It’s ten years since my story The North Is So Much Better For Youngsters Today was published in the late lamented Transmission magazine issue #04. Illustrated wonderfully by Zara Pickens, it was a response to overhearing someone in the south of England say they’d invested in several properties in the north. ‘Didn’t they know what was going on up there?’ I asked myself back then. Clearly they didn’t.
So I thought it would be fun to reel off my inexplicable northern neurosis for my own entertainment at least. I’m sure people thought I was mad, but it’s always best to express one’s self, and ten years on, I see the story touched on the rise of far right nationalism, and the sense of alienation felt by industrialised people living in a part of the world that was once the centre of Britain’s proud industrial legacy, well represented by strong unions, and contributing significantly to Britain’s wealth and its defence.

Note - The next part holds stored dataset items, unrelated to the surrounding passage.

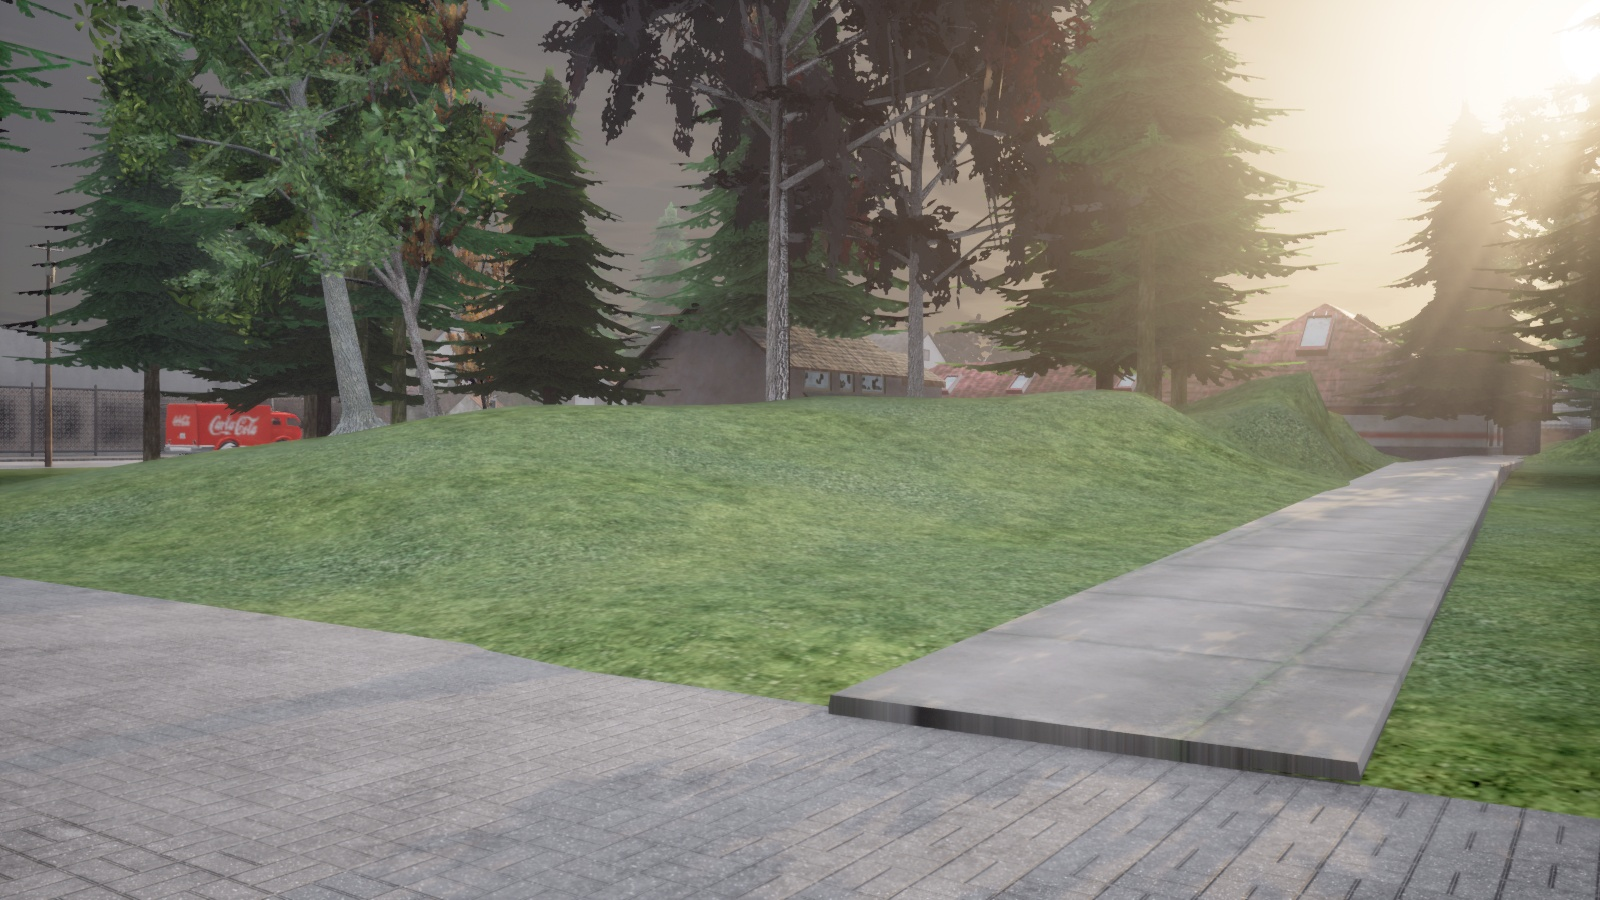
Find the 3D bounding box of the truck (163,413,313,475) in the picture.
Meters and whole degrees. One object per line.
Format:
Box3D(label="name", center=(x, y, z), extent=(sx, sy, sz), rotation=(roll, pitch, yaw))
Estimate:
Box3D(label="truck", center=(-23.740, -0.270, 53.247), extent=(2.627, 2.467, 5.204), rotation=(0, 1, 34))
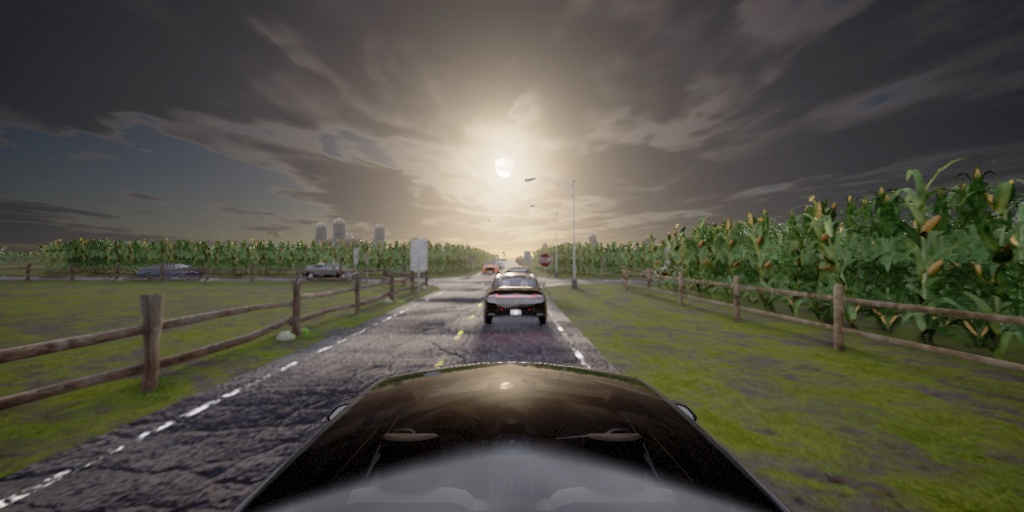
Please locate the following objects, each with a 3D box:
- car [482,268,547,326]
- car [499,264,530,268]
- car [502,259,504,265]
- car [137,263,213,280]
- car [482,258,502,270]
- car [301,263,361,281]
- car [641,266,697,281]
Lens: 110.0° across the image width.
[{"bbox_3d":[0.102,1.325,12.105,2.128,1.511,4.902,0,0,0],"label":"car"},{"bbox_3d":[0.530,1.424,23.053,1.837,1.490,4.892,0,0,6],"label":"car"},{"bbox_3d":[-2.765,1.768,64.355,2.033,1.411,5.357,0,0,0],"label":"car"},{"bbox_3d":[-29.475,1.357,31.400,5.357,1.411,2.033,0,-1,1],"label":"car"},{"bbox_3d":[-2.832,1.458,48.351,2.097,1.767,4.553,0,0,0],"label":"car"},{"bbox_3d":[-15.698,1.374,31.220,4.902,1.511,2.128,0,-1,2],"label":"car"},{"bbox_3d":[14.759,1.600,33.902,5.008,1.535,1.882,0,-1,1],"label":"car"}]
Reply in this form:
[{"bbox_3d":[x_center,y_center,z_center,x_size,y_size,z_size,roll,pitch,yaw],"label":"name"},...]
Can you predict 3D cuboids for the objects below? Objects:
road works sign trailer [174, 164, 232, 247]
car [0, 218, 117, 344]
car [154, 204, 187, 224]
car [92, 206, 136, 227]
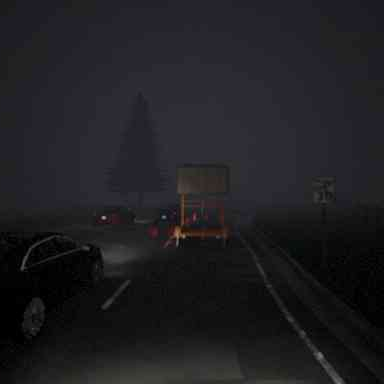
[{"bbox_3d":[0.496,0.518,15.345,2.380,3.560,2.880,0,0,5],"label":"road works sign trailer"},{"bbox_3d":[-3.225,1.514,6.458,2.128,1.511,4.902,0,0,2],"label":"car"},{"bbox_3d":[-1.588,1.614,25.539,1.812,1.442,4.674,0,0,9],"label":"car"},{"bbox_3d":[-5.414,1.646,23.480,1.994,1.385,4.181,0,0,8],"label":"car"}]
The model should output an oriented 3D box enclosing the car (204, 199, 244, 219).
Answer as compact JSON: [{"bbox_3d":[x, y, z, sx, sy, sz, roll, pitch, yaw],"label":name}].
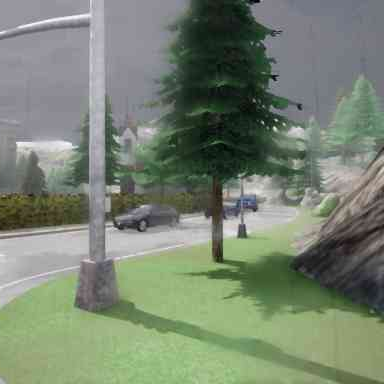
[{"bbox_3d":[2.723,1.601,29.124,1.895,1.301,4.718,0,0,26],"label":"car"}]

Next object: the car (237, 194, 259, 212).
[{"bbox_3d":[6.522,1.221,38.802,2.150,2.045,5.566,0,0,16],"label":"car"}]

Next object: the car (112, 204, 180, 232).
[{"bbox_3d":[-2.655,1.505,20.337,1.837,1.490,4.892,0,0,35],"label":"car"}]
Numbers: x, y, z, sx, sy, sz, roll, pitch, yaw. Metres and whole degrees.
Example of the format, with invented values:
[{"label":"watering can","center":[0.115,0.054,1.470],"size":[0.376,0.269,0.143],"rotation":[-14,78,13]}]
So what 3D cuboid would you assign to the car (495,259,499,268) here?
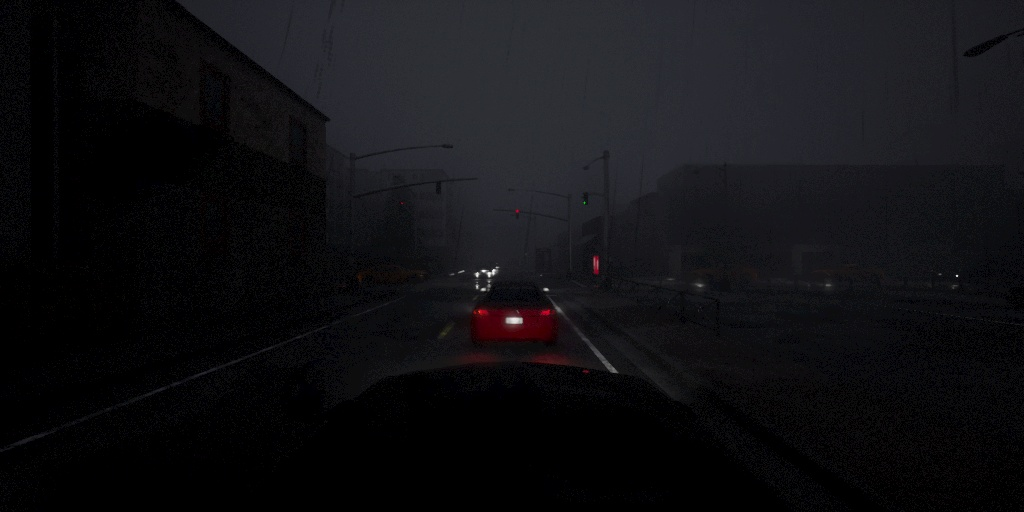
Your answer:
[{"label":"car","center":[-3.520,1.351,56.377],"size":[1.895,1.301,4.718],"rotation":[0,0,0]}]

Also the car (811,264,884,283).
[{"label":"car","center":[27.555,1.404,29.538],"size":[5.008,1.535,1.882],"rotation":[0,0,0]}]

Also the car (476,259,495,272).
[{"label":"car","center":[-3.543,1.276,46.343],"size":[1.812,1.442,4.674],"rotation":[0,0,0]}]

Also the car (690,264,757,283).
[{"label":"car","center":[17.330,1.404,29.529],"size":[5.008,1.535,1.882],"rotation":[0,0,0]}]

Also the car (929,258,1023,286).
[{"label":"car","center":[38.045,1.148,29.531],"size":[5.566,2.045,2.150],"rotation":[0,0,0]}]

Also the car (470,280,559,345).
[{"label":"car","center":[0.072,1.314,9.472],"size":[1.994,1.385,4.181],"rotation":[0,0,0]}]

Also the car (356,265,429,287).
[{"label":"car","center":[-8.524,1.350,25.798],"size":[5.008,1.535,1.882],"rotation":[-2,0,0]}]

A neurosis is “a strong sense of distress but without delusions and hallucinations”. It’s how it must feel to walk off a cliff without actually doing it every day. One thing that sticks in the mind of lucky sufferers is: ‘get the fuck out’, whereas those unlucky enough to be ‘industrialised’ by the process have an irreversible sense that they’re trapped with low self esteem. So it was with a great sense of good fortune, almost exuberance, that I was able to write this down because by 2006, in Britain’s former manufacturing areas where I once lived, the unions were a spent force, industry had gone, and misguided property developers, as well as the far right, saw an opportunity. Something was in the air, and obviously I didn’t like it, and while it seems that northerners like me whinge about nothing, 13 million manufacturing jobs were lost in the 1980s at a rate of 1000s per week, an unprecedented speed and scale of decline across many vast conurbations.
I don’t agree with a lot of things in the video. It is national-socialism to be against the free movement of Labour. It can get a lot worse for Doncaster after Brexit, and Greece was subjected to austerity measures by the Troika of three international banks, not just the EU, but other than that you get the drift that in having the chance to cause trouble, people who’ve been treated badly will inevitably cause trouble, especially when the Prime Minister at the time, David Cameron, made immigration the central topic of the damned EU referendum. Consequently, there is no way the result of the Referendum meaning Britain will leave the EU (or Brexit), will help industrialised people, as chancellor Osborne has warned. A punishment budget looms, and Nigel Farage, the former UKIP leader, is probably being stalked by a turkey with a meat cleaver right now.
With the demise of Transmission magazine, I submitted my story to ABCTales where it was cherry-picked. With the Brexit result, I thought it was time to remind myself that my story was more than just a trawl through my personal neurosis, it was a warning from the north from one who lived in it.